万历三十九年,三月初七,午时。
葛岭之巅,硝烟与寒风缠作一团,久久不散。
努尔哈赤勒马立于高坡,一身鎏金甲胄在残阳下泛着冷冽寒光,鹰隼般的眼眸死死俯瞰着山坳间那座摇摇欲坠的明军营寨。后金大军如层层黑云,将整座无名山围得水泄不通,士卒轮番上前骚扰试探,箭矢如雨,却始终未曾发起总攻。
这位纵横辽东数十载的枭雄,早已算透了战局。
困守山中的马千乘部,六千精锐已是强弩之末——断水多日,粮草耗尽,士卒口干舌燥,甲胄凝霜,连挥舞兵器的力气都日渐消散。再围困一日,待其弹尽粮绝、军心彻底崩毁,八旗铁骑只需顺势掩杀,便能以最小代价,将这支顽强的明军彻底抹去。
此前连破杜松、马林、刘綎三路,大明边军精锐折损过半,战果空前。可后金亦付出惨痛代价,三路大战总计伤亡近万人,尤其与刘綎东路军的血战,川军悍卒与戚家军余部死战不退,让八旗勇士阵亡四千、伤两千。那些生于马背、长于刀锋的女真精锐,死一个便少一个,努尔哈赤心疼不已。
是以得知围困之敌是白杆兵与戚家军残部时,他特意严令前线,以围耗为主,切勿强攻。
猎人陷阱中的野猪,既然已困兽犹斗,何必急着上前被獠牙所伤?耗尽其最后一丝气力,再从容收取猎物,方是上策。

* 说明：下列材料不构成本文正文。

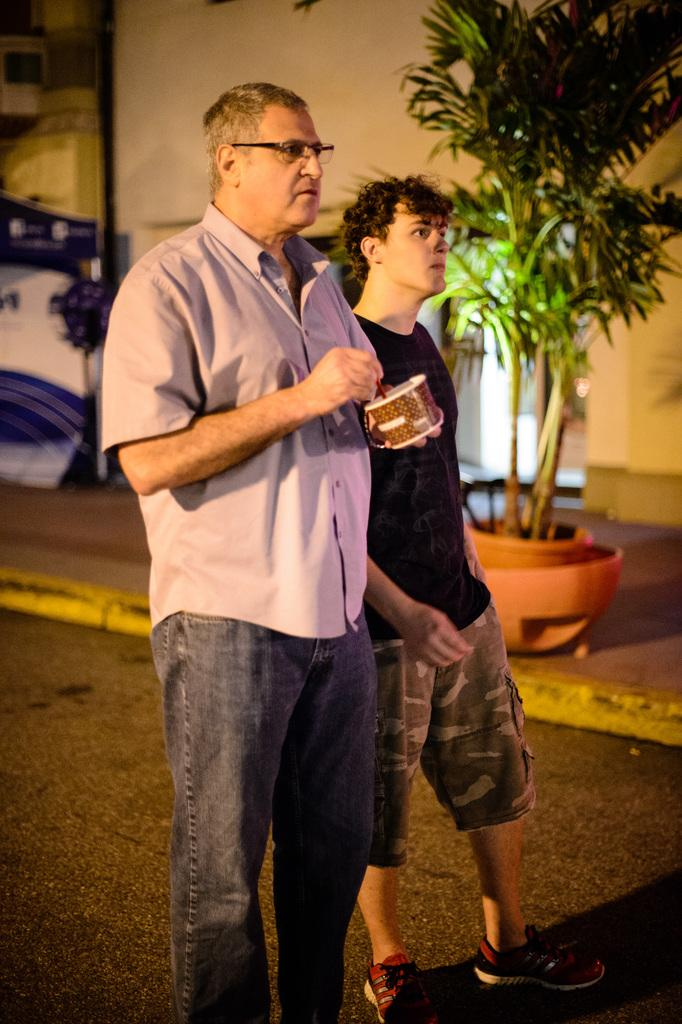How many people are in the image? There are two persons in the image. What is one of the persons holding? One of the persons is holding a cup and a spoon. What can be seen in the image besides the people? There is a plant and houses visible in the image. What type of weather can be seen in the image? There is no indication of weather in the image; it only shows two people, a plant, and houses. How many gold bikes are visible in the image? There are no bikes, gold or otherwise, present in the image. 
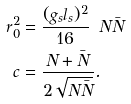Convert formula to latex. <formula><loc_0><loc_0><loc_500><loc_500>r _ { 0 } ^ { 2 } & = \frac { ( g _ { s } l _ { s } ) ^ { 2 } } { 1 6 } \, \ N \bar { N } \\ c & = \frac { N + \bar { N } } { 2 \sqrt { N \bar { N } } } .</formula> 
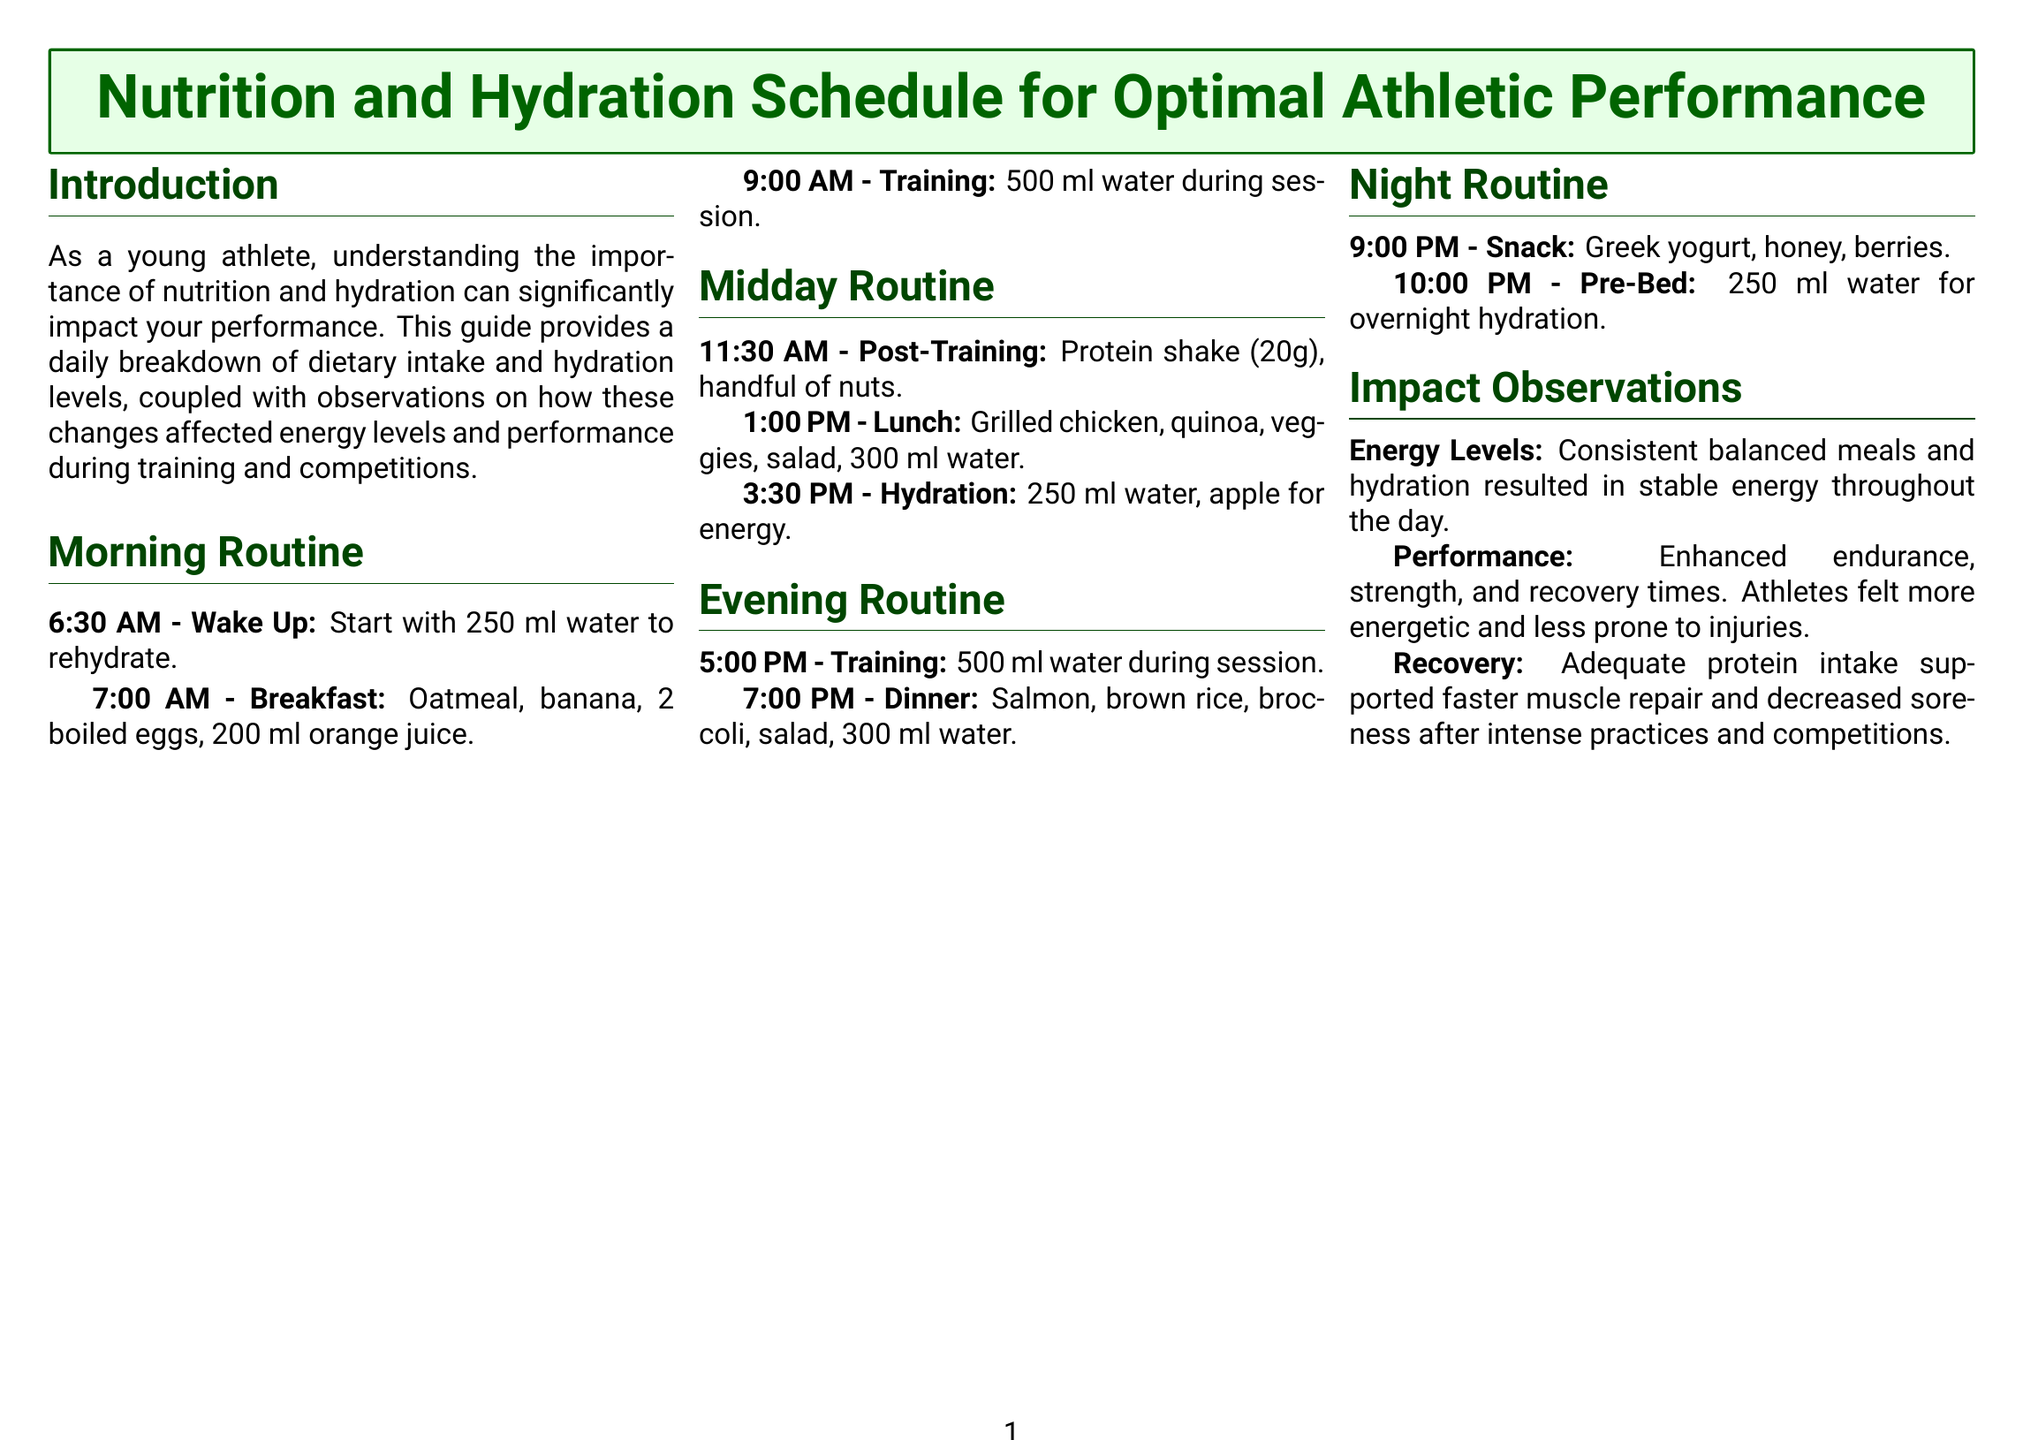what time do you have breakfast? Breakfast is scheduled for 7:00 AM.
Answer: 7:00 AM how much water is consumed during the morning training session? During the morning training session at 9:00 AM, 500 ml of water is consumed.
Answer: 500 ml what is included in the lunch? Lunch consists of grilled chicken, quinoa, veggies, salad, and 300 ml water.
Answer: Grilled chicken, quinoa, veggies, salad, 300 ml water what type of snack is eaten at night? The night snack is Greek yogurt, honey, and berries.
Answer: Greek yogurt, honey, berries how much water is consumed at bedtime? Pre-bed hydration includes 250 ml of water.
Answer: 250 ml how does adequate protein intake affect recovery? Adequate protein intake supports faster muscle repair and decreased soreness.
Answer: Faster muscle repair, decreased soreness what were athletes' feelings after consistent meals and hydration? Athletes felt more energetic and less prone to injuries.
Answer: More energetic, less prone to injuries what time is the post-training snack consumed? The post-training snack is consumed at 11:30 AM.
Answer: 11:30 AM

可就在努尔哈赤以为胜券在握,静待明军自溃之际,异变陡生。
远方烟尘滚滚,一骑快马如狂风卷地而来,骑士身披正红旗铠甲,浑身尘土染血,战马口吐白沫,奔至阵前猛地人立而起。骑士翻身滚落,踉跄着扑到努尔哈赤马前,声音嘶哑得近乎破碎:
“大汗!正红旗旗主代善贝勒十万火急军情!”
努尔哈赤心头猛地一沉,一股不祥的预感瞬间攫住心神。
“讲!”
“林驰部并未沿叆河河谷北上,而是虚设营帐迷惑我军,主力沿海岸线迂回奔袭,于三月初六傍晚猛攻大岭口!”骑士大口喘着粗气,语气里满是惊恐,“林驰所部火器犀利,攻势如潮,代善贝勒拼死死守,可关口防线多处被破,伤亡惨重,已然支撑不住!恳请大汗速发援军!”
此言一出,周遭八旗勋贵尽皆大惊失色。
战前部署,代善的使命便是深沟高垒、坚壁清野,以牵制拖延林驰部为核心,只需固守不战,便能完成任务。怎会短短一日,便被明军打得濒临崩盘?八旗铁骑野战无双,怎的守城竟如此不堪?
本章未完,请点击下一页继续阅读!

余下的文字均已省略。